ICIS VIEW: UKCS investment remains sluggish despite high prices

Rob Dalton


LONDON (ICIS)– Despite seemingly positive signals for North Sea energy development from gas prices at nearly double long-term averages, UK investment remains sluggish at best and long-term decline seems to be on the cards.

The ICIS NBP Month +1 contract has halved since the explosion on the Nord Stream pipeline in September 2022, mainly due to steady British LNG imports along with a strong storage buildout on the continent.

UK gas production also peaked in 2022 off the back of record-high gas prices alongside an easing of maintenance and restrictions on production.

Gas prices remain structurally high because of a fundamental mismatch between supply and demand, which, in theory, should act as an incentive for UK North Sea producers.


While on the face of it the UK seems to be steadily expanding production within the North Sea, with the potential to add around 48.2mcm/day to the UK gas system by the end of the decade, the supply situation looks more precarious when placed under the microscope.

Only three new fields gained development approval last year (Jackdaw, Abigail and Tommeliten A), with these projects containing over 12bcm of discoverable gas reserves. While this may seem like a sizeable addition for the UK, this is around a fraction of the 67.5bcm discovered in the previous decade.

There are also ten projects under review by the UK government which could add around 97.5bcm to the UK energy balance.

However, investment appetite for long-term, costly oil and gas fields may be under threat with two of Britain’s recent additions (Cambo and Rosebank) continually delaying their final investment decisions because of uncertainty around economic conditions and taxes.

This has been mainly evidenced in a significant reduction in capital expenditure on the UK continental shelf (UKCS) since the beginning of 2010. Investment in the North Sea reached an all-time peak of £16.2bn in 2014 and has now more than halved to £4.7bn in 2022.

Capital expenditure is set to reduce even further over the next decade, falling to a projected low of £2.5bn.


The current high-price environment should in theory incentivise continued investment in the UK’s North Sea to capture this high value.

However, the introduction of the Energy Profits Levy in 2022 has caused significant turmoil in the UK’s upstream process, and has discouraged investment and raised costs for many producers.

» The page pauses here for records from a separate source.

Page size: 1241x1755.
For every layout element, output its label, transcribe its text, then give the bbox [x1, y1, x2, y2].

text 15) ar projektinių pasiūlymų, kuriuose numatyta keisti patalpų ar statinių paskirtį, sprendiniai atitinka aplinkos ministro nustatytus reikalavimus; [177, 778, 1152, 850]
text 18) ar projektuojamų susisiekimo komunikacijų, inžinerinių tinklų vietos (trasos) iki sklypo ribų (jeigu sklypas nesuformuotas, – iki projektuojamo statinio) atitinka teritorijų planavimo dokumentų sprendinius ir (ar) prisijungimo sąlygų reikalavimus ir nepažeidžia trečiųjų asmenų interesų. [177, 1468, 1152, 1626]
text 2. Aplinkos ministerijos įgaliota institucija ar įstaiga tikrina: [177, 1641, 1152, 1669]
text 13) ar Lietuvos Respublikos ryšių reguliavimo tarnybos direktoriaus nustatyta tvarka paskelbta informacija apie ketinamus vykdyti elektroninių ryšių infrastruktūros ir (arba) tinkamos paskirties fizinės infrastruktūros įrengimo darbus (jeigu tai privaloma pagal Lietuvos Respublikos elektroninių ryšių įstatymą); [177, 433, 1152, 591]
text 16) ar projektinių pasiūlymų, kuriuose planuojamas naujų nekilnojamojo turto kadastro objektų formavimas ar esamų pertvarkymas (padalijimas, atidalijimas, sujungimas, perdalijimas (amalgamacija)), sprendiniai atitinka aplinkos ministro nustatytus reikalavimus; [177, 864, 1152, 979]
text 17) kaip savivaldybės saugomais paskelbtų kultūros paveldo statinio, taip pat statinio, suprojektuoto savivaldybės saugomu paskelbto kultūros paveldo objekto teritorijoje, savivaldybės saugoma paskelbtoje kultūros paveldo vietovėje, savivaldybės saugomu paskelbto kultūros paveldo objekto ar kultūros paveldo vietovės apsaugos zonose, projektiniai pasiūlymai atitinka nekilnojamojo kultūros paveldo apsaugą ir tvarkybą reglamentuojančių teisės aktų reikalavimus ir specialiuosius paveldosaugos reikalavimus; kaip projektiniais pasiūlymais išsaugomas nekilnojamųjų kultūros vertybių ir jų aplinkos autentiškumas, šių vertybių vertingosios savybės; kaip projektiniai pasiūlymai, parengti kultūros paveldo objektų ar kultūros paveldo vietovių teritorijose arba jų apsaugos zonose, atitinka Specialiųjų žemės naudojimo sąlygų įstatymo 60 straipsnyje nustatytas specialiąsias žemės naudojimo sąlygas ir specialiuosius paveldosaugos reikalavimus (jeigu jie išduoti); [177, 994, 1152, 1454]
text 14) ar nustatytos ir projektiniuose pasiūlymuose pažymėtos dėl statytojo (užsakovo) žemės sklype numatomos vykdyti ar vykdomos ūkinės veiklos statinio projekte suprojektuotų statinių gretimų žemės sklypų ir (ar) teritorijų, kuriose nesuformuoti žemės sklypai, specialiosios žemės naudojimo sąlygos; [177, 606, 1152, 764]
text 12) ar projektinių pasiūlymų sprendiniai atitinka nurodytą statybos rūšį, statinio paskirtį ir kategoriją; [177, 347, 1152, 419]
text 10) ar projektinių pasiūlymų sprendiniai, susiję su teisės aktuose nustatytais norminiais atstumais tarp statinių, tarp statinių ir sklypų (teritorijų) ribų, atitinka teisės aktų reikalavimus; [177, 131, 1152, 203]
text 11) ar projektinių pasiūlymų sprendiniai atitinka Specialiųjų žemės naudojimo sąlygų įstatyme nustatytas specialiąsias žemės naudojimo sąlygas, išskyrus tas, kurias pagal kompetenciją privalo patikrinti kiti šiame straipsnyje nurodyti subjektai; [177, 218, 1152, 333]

A recent business outlook report from trade association Offshore Energies UK estimated around 500mn barrels of oil had been wiped off the UK North Sea’s balance sheets owing to risks associated with investment.

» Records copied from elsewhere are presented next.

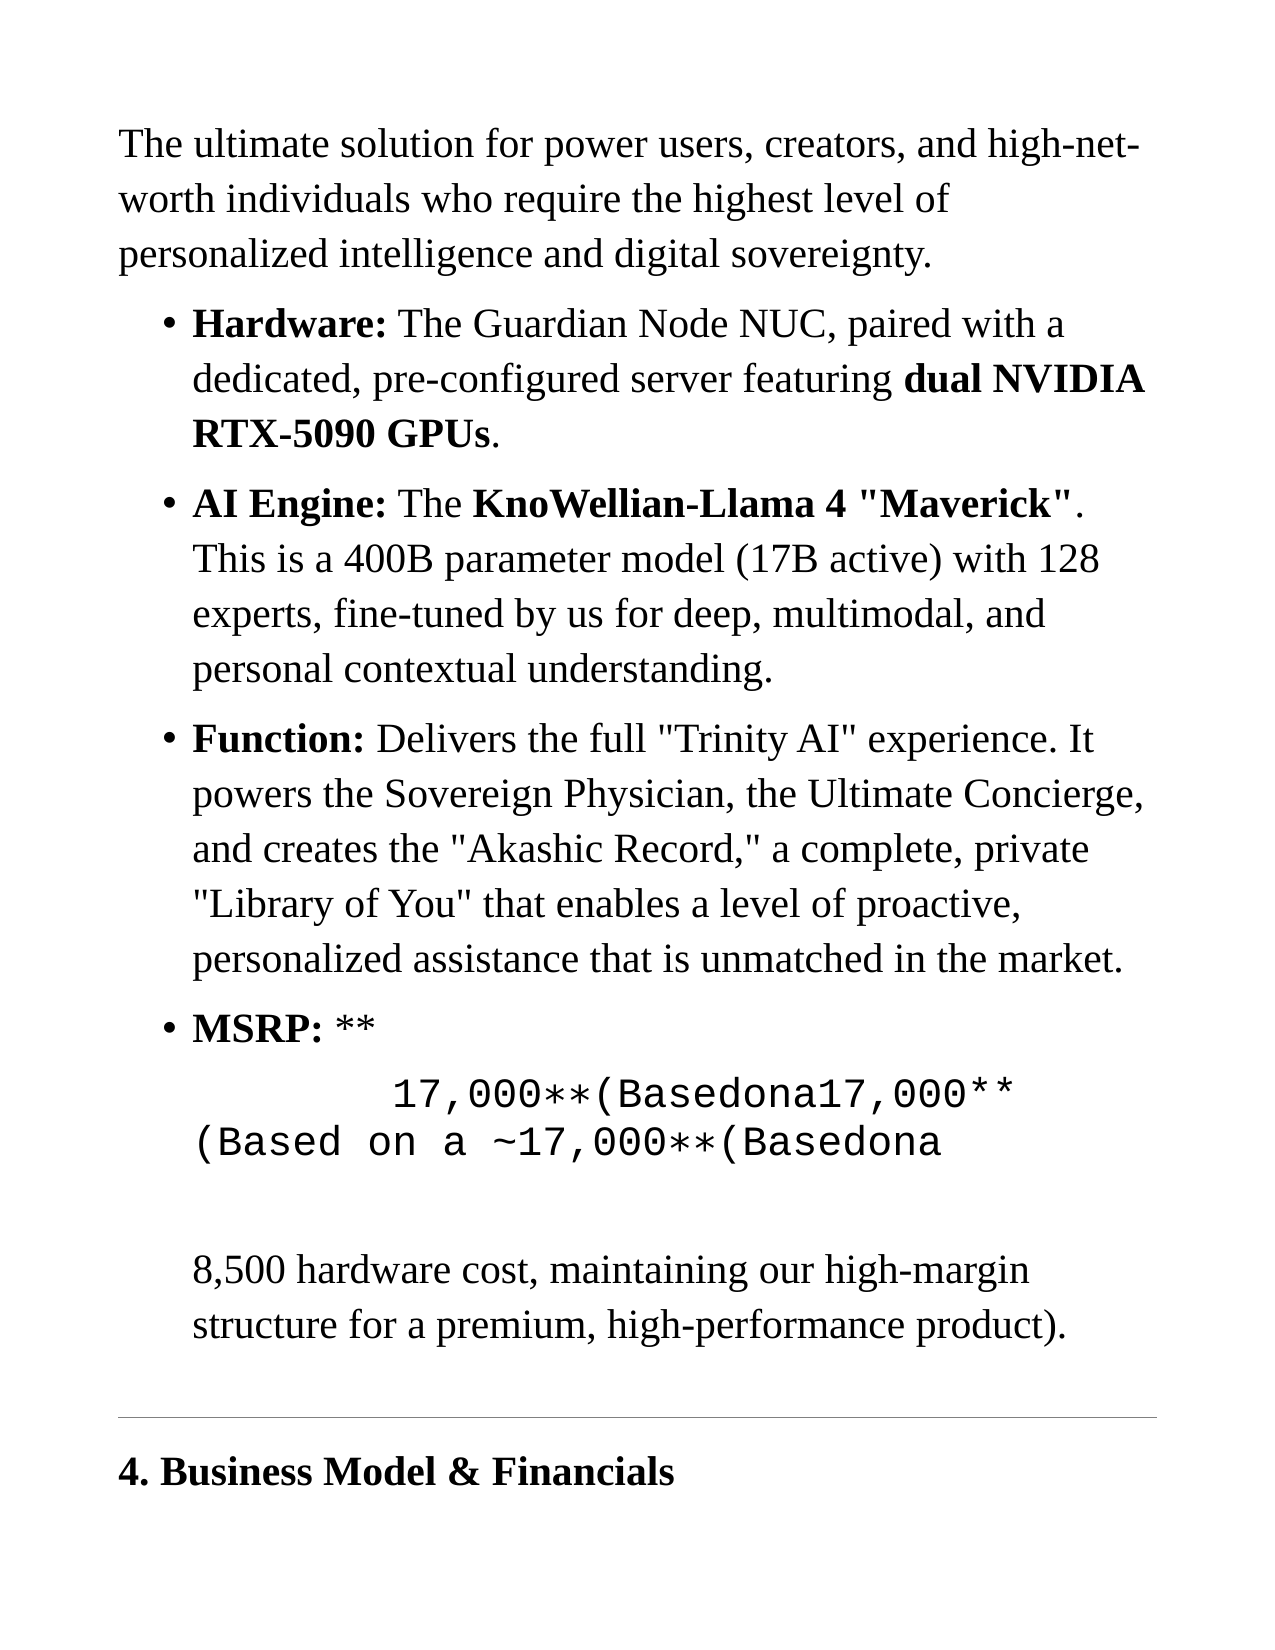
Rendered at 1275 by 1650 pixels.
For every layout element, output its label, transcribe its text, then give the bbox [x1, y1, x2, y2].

text 4. Business Model & Financials [118, 1447, 1157, 1495]
text The ultimate solution for power users, creators, and high-net-worth individuals who require the highest level of personalized intelligence and digital sovereignty. [118, 118, 1157, 276]
list Function: Delivers the full "Trinity AI" experience. It powers the Sovereign Physician, the Ultimate Concierge, and creates the "Akashic Record," a complete, private "Library of You" that enables a level of proactive, personalized assistance that is unmatched in the market. [162, 713, 1157, 982]
list 17,000∗∗(Basedona17,000** (Based on a ~17,000∗∗(Basedona [162, 1073, 1157, 1167]
list AI Engine: The KnoWellian-Llama 4 "Maverick". This is a 400B parameter model (17B active) with 128 experts, fine-tuned by us for deep, multimodal, and personal contextual understanding. [162, 478, 1157, 691]
list 8,500 hardware cost, maintaining our high-margin structure for a premium, high-performance product). [162, 1244, 1157, 1347]
list Hardware: The Guardian Node NUC, paired with a dedicated, pre-configured server featuring dual NVIDIA RTX-5090 GPUs. [162, 298, 1157, 456]
list MSRP: ** [162, 1003, 1157, 1051]

To go one step further, the gradual erosion of the UKCS, along with unfavourable investment conditions, will force the Britain back into the global gas market and leave it increasingly exposed to developments worldwide.

Indeed, the OEUK estimated that imports cost the UK £117bn in 2022, compared with £54bn in the previous year.

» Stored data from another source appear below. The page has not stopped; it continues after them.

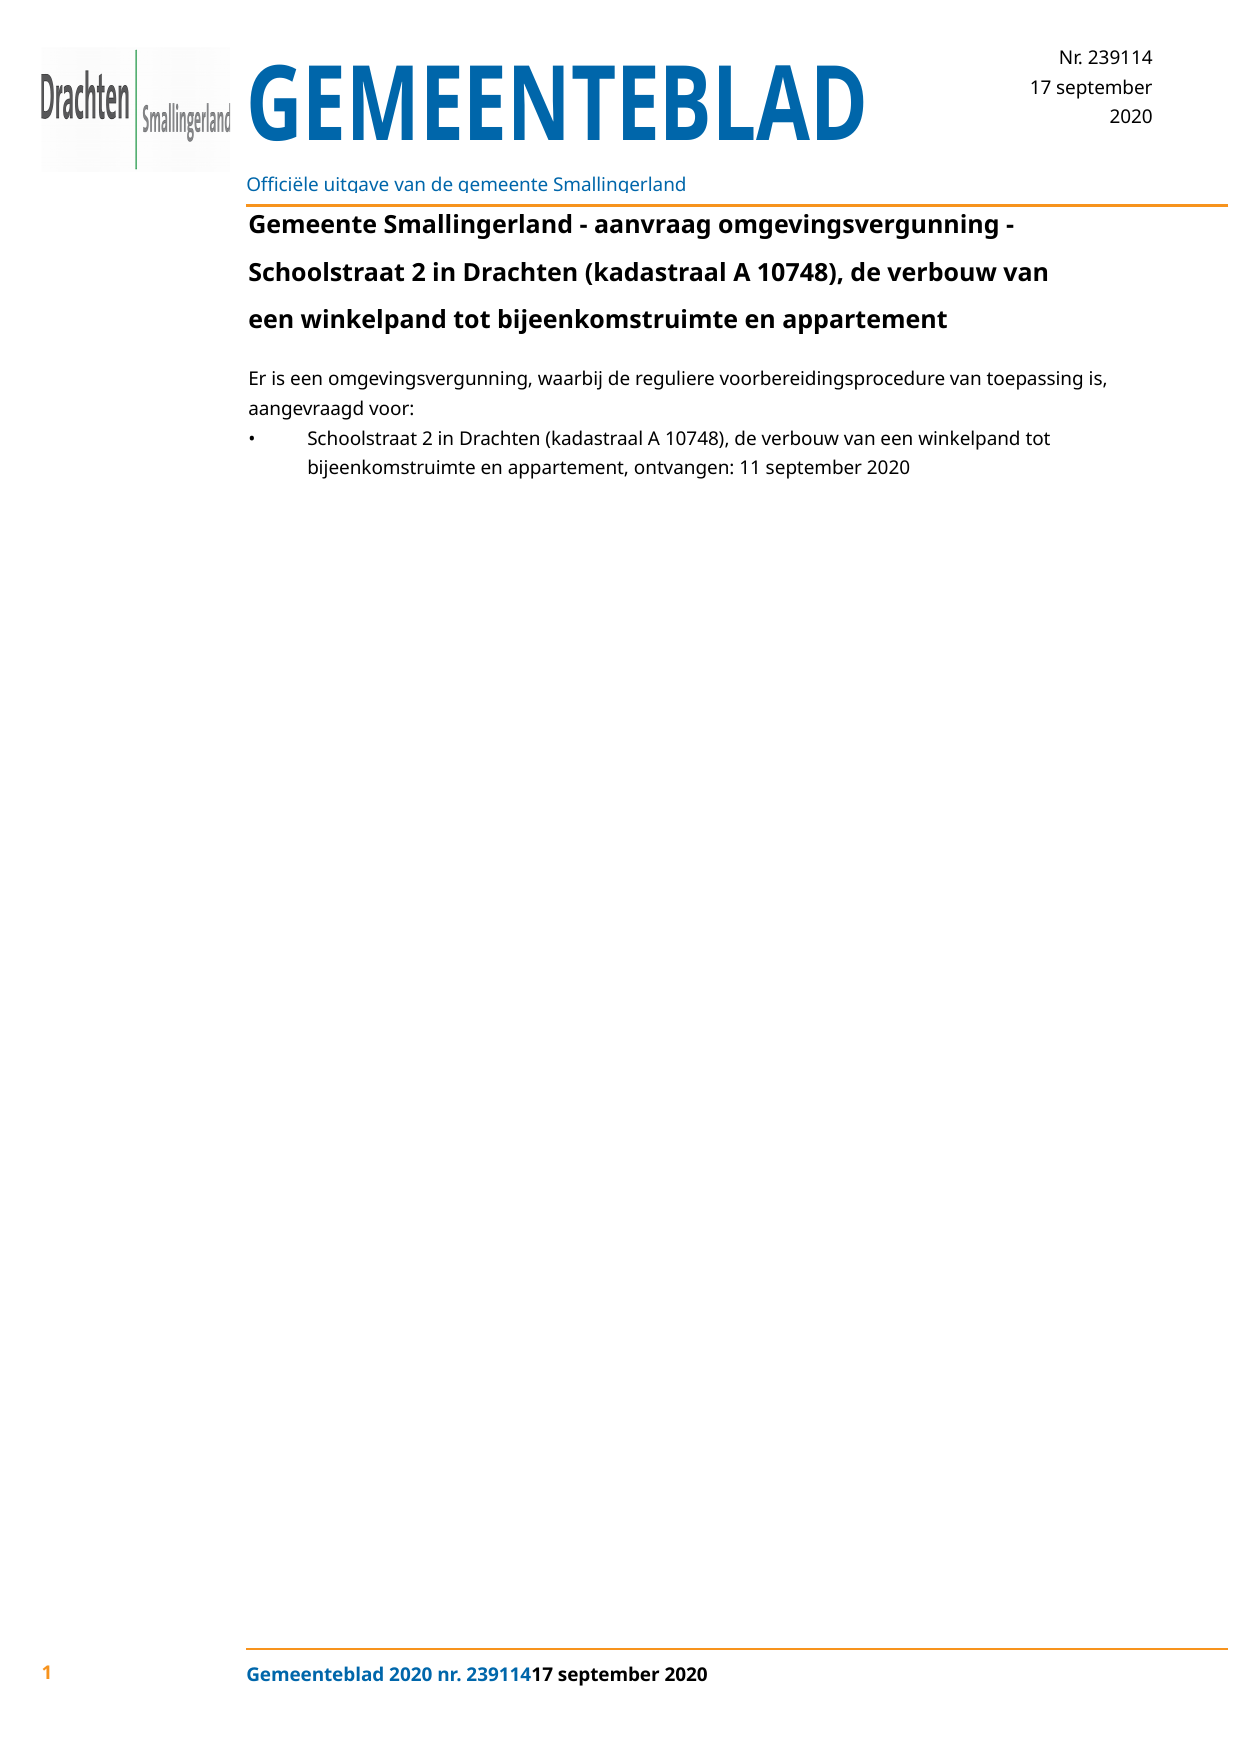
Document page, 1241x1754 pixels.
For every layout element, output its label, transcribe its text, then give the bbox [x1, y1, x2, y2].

list Schoolstraat 2 in Drachten (kadastraal A 10748), de verbouw van een winkelpand tot bijeenkomstruimte en appartement, ontvangen: 11 september 2020 [248, 425, 1152, 480]
text Er is een omgevingsvergunning, waarbij de reguliere voorbereidingsprocedure van toepassing is, aangevraagd voor: [248, 366, 1152, 421]
text Gemeente Smallingerland - aanvraag omgevingsvergunning - Schoolstraat 2 in Drachten (kadastraal A 10748), de verbouw van een winkelpand tot bijeenkomstruimte en appartement [248, 207, 1152, 336]
picture [41, 47, 231, 172]

In 2022, the UK imported around 60% of its gas needs, with production taking up 40%.

However, forecasts suggest the UK will need to import 85% of the oil and gas it requires within a decade, this sets up a sore sight for the UK consumer.


While the UK has access to multiple sources of flexible gas supply (Norway, Belgium/the Netherlands and LNG volumes), this reliance on imports has left the British gas market exposed to high prices and extreme volatility as it links the NBP to international price movements.

The correlation of front-month contracts at the British NBP to the equivalent contract at the US Henry Hub (HH) and ICIS East Asian Index (EAX) have all significantly increased in recent years.

The relationship between the NBP and EAX has strengthened by 39 percentage points since 2018, with a similar movement between the NBP and HH at 35 percentage points.

The Russian invasion of Ukraine, and the subsequent loss in eastern piped gas volumes, accelerated this trend in globalised gas markets and has only served to strengthen the NBP’s interrelated relationship with the rest of the world.

For example, an explosion last summer at the Freeport LNG terminal, one of the US’ largest such plants, caused several NBP near-curve contracts to soar.

Looking towards the current forward curve, prices are set to remain two-three times above the historical norm seen between 2010-2021 until new global supply comes online.

Even then, contracts remain above €15/MWh, which shows elevated prices could be the new normal for some time to come.

Britain’s exposure to global gas price movements is only set to strengthen as supplies will remain constrained in the foreseeable future along with a particular dependence on the premium fuel of choice, LNG.